LaFave stated that her most recent treatment for her neck or back impairments was a visit to a chiropractor in New Mexico "for a little gentle treatment." (Tr. 467). She testified that she has received steroid injections and physical therapy, and that she was not a candidate for surgery. ( Id. ). LaFave stated that she took ibuprofen for pain, "sometimes three days in a row, every four hours." (Tr. 468). She described her pain as a six or seven on a scale of ten with medication and as a "ten-plus" without any medication. ( Id. ).

LaFave's husband testified that he had to do "everything" for LaFave including cooking meals, shopping for groceries, laundry, and all the housecleaning. (Tr. 475). He stated that a can of vegetables was too heavy for LaFave and that she could not bend down to pick up an object off the floor. ( Id. ). LaFave's husband also observed that she could not do things in repetition and needed pillows to support her back when sitting. (Tr. 480).

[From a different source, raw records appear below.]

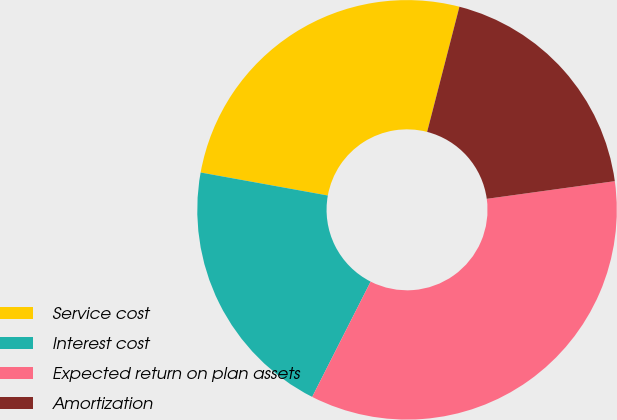Convert chart to OTSL. <chart><loc_0><loc_0><loc_500><loc_500><pie_chart><fcel>Service cost<fcel>Interest cost<fcel>Expected return on plan assets<fcel>Amortization<nl><fcel>26.17%<fcel>20.38%<fcel>34.65%<fcel>18.8%<nl></chart> 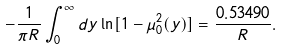<formula> <loc_0><loc_0><loc_500><loc_500>- \frac { 1 } { \pi R } \int _ { 0 } ^ { \infty } d y \ln [ 1 - \mu _ { 0 } ^ { 2 } ( y ) ] = \frac { 0 . 5 3 4 9 0 } { R } { . }</formula> 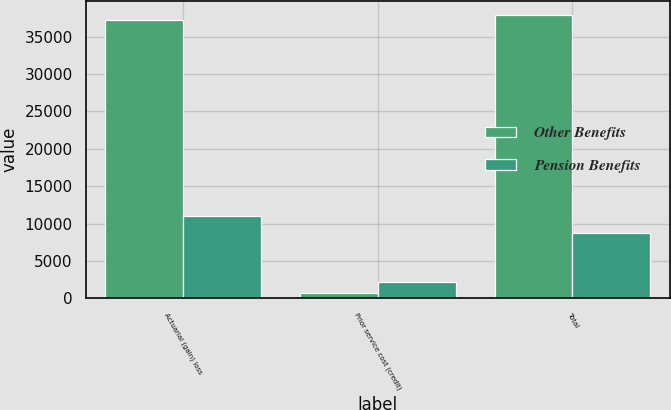Convert chart. <chart><loc_0><loc_0><loc_500><loc_500><stacked_bar_chart><ecel><fcel>Actuarial (gain) loss<fcel>Prior service cost (credit)<fcel>Total<nl><fcel>Other Benefits<fcel>37171<fcel>724<fcel>37895<nl><fcel>Pension Benefits<fcel>10993<fcel>2189<fcel>8804<nl></chart> 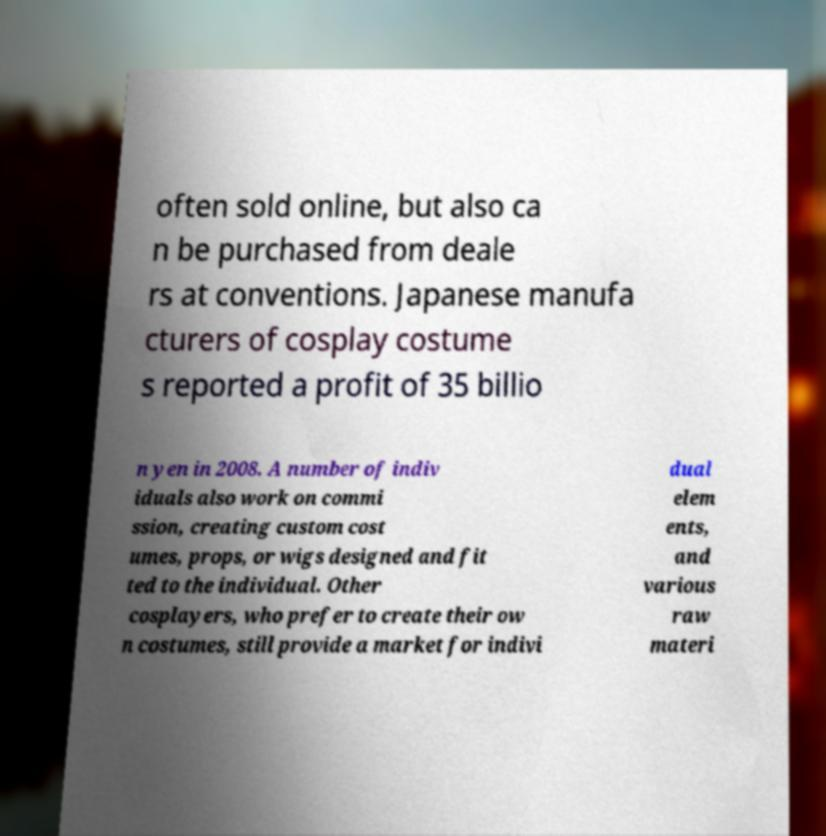Could you extract and type out the text from this image? often sold online, but also ca n be purchased from deale rs at conventions. Japanese manufa cturers of cosplay costume s reported a profit of 35 billio n yen in 2008. A number of indiv iduals also work on commi ssion, creating custom cost umes, props, or wigs designed and fit ted to the individual. Other cosplayers, who prefer to create their ow n costumes, still provide a market for indivi dual elem ents, and various raw materi

Following LaFave and her husband's testimony, the ALJ asked the VE to consider:

a hypothetical individual of an age that ranges from . . . 54 to 59, education level, work experience, or lack thereof . . . limited as follows, to medium exertion which is unskilled in nature. Work should not entail any direct overhead lifting or reaching. Work should entail no more than frequent and frequent being defined as up to two-thirds of the workday; grasping pinching or twisting with the left hand and arm.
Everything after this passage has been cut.